Start of Block

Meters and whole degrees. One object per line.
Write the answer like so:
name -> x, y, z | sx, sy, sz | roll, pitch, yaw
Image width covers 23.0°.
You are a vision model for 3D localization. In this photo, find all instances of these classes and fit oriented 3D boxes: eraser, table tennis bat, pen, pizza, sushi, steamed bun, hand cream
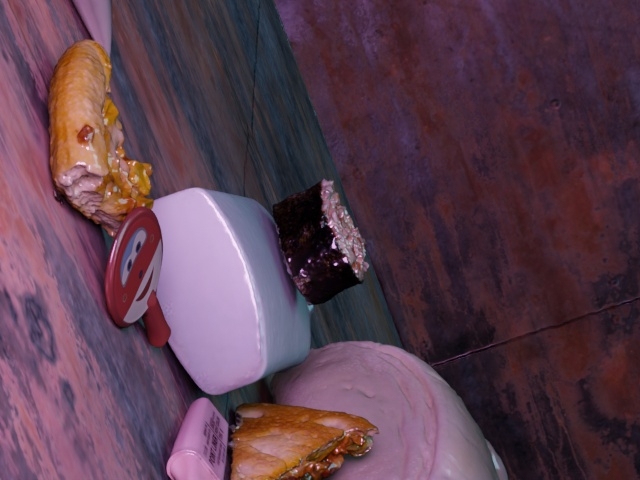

End of Block

Problem to solve: An exact copy of all the entries is required, and it must contain no pictures.

Exercise response:
Meters and whole degrees. One object per line.
Write the answer like so:
name -> x, y, z | sx, sy, sz | roll, pitch, yaw
Image width covers 23.0°.
You are a vision model for 3D localization. In this photo, find all instances of these classes and fit oriented 3D boxes: eraser, table tennis bat, pen, pizza, sushi, steamed bun, hand cream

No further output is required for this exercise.